If I look at the "edited" videos, they look fake. Immediately. And not a little bit. They look like they were put through a washing machine full of effects: too contrasty, too much gamma, too much clarity, too low levels, like a baby playing with the effect controls. Can't exactly put my fingers on, but comparing the "original" videos to the ones that simply change one element, like the "add blue pom poms to his hands", it changes the whole video, and makes the whole video a bit cartooney, for lack of a better word.
I am simply wondering why?!
Is that a change in general through the model that processes the video? Is that something that is easy to get rid of in future versions, or inherently baked into how the model transforms the video?
You can also watermark plain text by generating "invisible" patterns.
Of course, in all these cases, the watermarks are trivial to remove: just re-encode the output with an open model. Which is why I hope there will be no federal law that tries to enforce something that is categorically unenforceable.
I will now review some of the standout clips.
That alien thing in the water is horrifying. The background fish look pretty convincing, except for the really flamboyant one in the dark.
I guess I should be impressed that the kite string seems to be rendered every frame and appears to be connected between the hand and the kite most of the time. The whole thing is really stressful though.
drunk sloth with weirdly crisp shadow should take the top slot from girl in danger of being stolen by kite.
man demonstrates novel chain sword fire stick with four or five dimensions might be better off in the bin...
> The camera is behind a man. The man is shirtless, wearing a green cloth around his waist. He is barefoot. With a fiery object in each hand, he creates wide circular motions. A calm sea is in the background.
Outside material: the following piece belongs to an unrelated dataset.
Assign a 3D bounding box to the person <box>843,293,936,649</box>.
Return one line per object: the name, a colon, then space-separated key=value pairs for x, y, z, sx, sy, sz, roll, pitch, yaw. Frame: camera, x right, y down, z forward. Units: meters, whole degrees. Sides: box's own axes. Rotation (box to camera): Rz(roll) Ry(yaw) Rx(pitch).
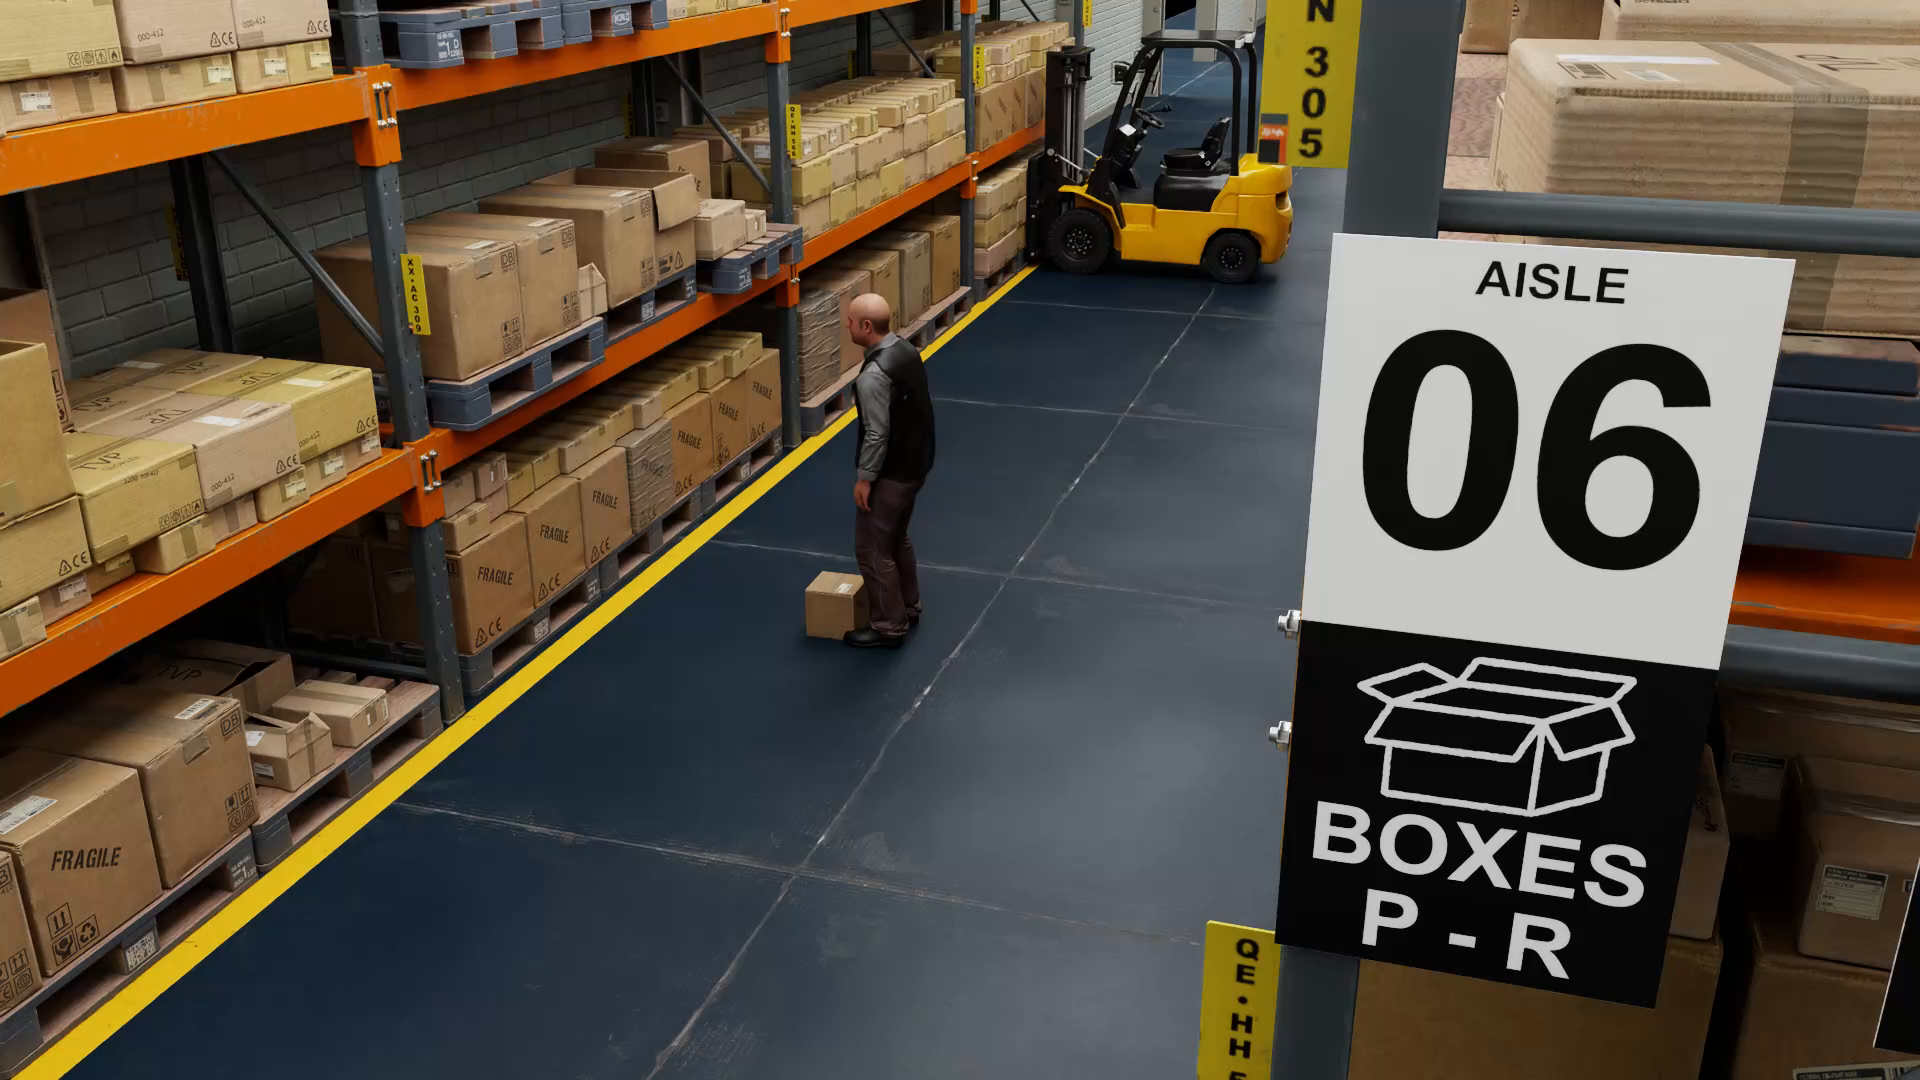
person: x=-0.334 y=-0.328 z=7.942 sx=0.421 sy=1.720 sz=0.580 roll=6 pitch=23 yaw=16

The atmosphere is mesmerizing, with the fire dance.
This just reads like slightly clumsy lyrics to a lost Ween song.
This is _the worst that machines will ever be at this task_, and most of the improvements that need to be made are a matter of engineering ingenuity, which can be translated to research dollars.
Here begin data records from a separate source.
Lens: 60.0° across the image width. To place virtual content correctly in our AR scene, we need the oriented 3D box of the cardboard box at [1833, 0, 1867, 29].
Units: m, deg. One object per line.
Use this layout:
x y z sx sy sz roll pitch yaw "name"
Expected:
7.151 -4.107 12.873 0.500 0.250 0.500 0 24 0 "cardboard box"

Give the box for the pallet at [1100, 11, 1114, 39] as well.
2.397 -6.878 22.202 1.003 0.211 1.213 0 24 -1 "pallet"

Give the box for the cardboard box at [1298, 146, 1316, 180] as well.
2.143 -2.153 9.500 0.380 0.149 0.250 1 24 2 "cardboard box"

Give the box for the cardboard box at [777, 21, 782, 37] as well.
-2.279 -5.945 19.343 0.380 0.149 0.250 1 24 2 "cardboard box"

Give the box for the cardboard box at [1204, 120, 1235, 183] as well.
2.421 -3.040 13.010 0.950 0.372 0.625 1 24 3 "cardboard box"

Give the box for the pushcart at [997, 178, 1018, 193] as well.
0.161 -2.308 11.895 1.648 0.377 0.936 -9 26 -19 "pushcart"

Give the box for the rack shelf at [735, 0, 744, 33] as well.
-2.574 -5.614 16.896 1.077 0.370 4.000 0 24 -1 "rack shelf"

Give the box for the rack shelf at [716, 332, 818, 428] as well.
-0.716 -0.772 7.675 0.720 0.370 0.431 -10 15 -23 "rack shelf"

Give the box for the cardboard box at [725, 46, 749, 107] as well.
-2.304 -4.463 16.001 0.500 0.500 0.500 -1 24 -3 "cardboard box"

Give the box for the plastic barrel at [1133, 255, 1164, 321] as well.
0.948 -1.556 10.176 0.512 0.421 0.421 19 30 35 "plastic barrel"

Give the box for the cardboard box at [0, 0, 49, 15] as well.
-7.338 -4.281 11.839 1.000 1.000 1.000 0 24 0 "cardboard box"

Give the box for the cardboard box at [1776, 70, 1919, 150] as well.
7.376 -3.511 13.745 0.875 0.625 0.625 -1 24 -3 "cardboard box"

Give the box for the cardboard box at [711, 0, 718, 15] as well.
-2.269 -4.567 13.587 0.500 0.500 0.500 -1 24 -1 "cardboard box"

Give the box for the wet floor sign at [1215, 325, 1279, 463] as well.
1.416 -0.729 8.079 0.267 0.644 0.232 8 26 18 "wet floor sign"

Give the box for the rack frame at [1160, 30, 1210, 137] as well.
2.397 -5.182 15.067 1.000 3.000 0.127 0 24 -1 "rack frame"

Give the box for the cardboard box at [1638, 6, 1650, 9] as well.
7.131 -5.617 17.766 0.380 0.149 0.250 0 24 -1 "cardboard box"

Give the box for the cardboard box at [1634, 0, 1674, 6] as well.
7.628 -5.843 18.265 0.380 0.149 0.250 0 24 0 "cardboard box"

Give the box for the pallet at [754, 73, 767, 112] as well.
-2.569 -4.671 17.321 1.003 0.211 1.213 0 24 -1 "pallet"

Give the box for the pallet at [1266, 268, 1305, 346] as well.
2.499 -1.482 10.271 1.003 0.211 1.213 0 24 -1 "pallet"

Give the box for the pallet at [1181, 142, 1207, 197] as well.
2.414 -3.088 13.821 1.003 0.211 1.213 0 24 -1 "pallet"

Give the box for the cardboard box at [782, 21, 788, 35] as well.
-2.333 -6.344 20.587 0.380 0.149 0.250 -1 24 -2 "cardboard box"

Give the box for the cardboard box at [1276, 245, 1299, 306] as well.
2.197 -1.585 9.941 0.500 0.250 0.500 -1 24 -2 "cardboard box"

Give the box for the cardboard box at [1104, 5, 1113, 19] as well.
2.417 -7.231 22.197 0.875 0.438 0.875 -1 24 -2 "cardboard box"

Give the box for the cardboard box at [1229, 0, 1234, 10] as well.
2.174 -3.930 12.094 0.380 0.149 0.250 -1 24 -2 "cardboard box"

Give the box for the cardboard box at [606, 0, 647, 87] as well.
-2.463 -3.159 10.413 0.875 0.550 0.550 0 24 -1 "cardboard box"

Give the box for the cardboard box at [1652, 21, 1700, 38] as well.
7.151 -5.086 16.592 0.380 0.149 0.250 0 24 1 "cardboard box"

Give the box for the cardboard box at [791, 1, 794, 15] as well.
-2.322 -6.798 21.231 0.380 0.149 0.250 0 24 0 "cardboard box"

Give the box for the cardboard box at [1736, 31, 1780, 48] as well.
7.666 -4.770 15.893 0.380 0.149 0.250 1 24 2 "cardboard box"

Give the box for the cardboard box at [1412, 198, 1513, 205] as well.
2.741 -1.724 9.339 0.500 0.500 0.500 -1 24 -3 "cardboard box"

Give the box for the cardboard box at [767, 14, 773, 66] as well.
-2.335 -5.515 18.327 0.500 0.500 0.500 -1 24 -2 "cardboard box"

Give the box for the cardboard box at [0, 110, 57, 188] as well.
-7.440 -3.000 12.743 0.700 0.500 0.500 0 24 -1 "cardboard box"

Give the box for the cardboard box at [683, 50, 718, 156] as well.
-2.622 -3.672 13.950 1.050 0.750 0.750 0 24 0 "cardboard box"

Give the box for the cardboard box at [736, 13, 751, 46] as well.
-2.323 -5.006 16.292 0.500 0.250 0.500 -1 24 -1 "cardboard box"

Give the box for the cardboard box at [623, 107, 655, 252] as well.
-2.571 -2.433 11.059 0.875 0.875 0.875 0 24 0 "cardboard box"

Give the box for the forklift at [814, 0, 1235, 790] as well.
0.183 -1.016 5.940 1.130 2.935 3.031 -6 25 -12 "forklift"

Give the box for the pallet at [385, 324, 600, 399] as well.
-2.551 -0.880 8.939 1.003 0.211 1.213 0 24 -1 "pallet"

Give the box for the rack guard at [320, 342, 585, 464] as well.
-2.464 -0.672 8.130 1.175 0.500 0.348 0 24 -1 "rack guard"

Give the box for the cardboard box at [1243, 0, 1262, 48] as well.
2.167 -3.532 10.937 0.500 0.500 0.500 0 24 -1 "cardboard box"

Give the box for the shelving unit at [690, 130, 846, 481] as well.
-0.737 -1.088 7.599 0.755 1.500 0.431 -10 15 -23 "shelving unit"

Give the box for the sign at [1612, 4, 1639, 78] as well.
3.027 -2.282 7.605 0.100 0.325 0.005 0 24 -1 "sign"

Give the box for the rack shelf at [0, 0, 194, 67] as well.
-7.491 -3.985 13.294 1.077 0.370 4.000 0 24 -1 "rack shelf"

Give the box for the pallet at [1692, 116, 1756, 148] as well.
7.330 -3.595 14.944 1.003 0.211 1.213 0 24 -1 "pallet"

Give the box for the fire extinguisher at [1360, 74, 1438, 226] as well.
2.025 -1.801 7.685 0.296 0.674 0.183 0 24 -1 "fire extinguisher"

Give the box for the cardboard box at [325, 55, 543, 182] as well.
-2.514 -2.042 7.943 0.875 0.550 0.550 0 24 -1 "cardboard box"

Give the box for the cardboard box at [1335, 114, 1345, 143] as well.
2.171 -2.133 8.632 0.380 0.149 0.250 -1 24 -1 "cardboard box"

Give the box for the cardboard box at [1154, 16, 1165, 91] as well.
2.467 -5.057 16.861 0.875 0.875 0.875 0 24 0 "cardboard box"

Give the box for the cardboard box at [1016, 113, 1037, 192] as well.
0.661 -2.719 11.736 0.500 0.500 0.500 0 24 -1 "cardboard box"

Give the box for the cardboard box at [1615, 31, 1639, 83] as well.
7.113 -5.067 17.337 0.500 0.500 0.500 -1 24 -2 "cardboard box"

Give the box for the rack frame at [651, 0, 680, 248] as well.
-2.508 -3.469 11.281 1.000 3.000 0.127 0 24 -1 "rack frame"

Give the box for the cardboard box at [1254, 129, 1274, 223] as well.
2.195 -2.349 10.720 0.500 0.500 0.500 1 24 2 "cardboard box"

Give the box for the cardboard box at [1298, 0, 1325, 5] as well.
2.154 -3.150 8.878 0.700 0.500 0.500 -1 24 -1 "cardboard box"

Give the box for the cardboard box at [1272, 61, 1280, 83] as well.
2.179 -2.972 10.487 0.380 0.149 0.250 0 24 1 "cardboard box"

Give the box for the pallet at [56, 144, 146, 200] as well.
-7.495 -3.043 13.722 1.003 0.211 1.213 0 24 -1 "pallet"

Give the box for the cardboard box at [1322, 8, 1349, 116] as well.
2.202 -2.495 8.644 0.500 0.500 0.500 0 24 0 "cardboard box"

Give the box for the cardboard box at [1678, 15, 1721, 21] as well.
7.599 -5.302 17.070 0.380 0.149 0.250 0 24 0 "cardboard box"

Seriously though. This is the company that is betting hard on VR goggles. And these are engines that can produce real time dreams, 3d, photographic quality, obedient to our commands. No 3d models needed, no physics simulations, no ray tracing, no prebuilt environments and avatars. All simply dreamed up in real time, as requested by the user in natural language. It might be one of the most addictive technologies ever invented.
Could be, but it's a bit dystopian to imagine that the government would have a say on the images you can generate- locally and in realtime- and send straight to your own eyes, don't you think? Dystopian and very difficult to enforce, too.
They're not really showing signs of slowing down either. Hey, Zuck, always thought you were kind of lame in the past. But maybe you weren't a one trick pony after all.
Deepmind. Protein folding and solving math problems is just less sexy.
Especially based on the examples on this site, it's not a far reach to say that they will start to generate video ads of you (yes, YOU! your face! You've already uploaded hundreds of photos for them to reference!) using a specific product and showing how happy you are because you bought it. Imagine scrolling Instagram and seeing your own face smelling some laundry detergent or laughing because you took some prescription medicine.
Anyone able to update a dinosaur?
Anything longer than a single clip is just a bunch of these clips stitched together.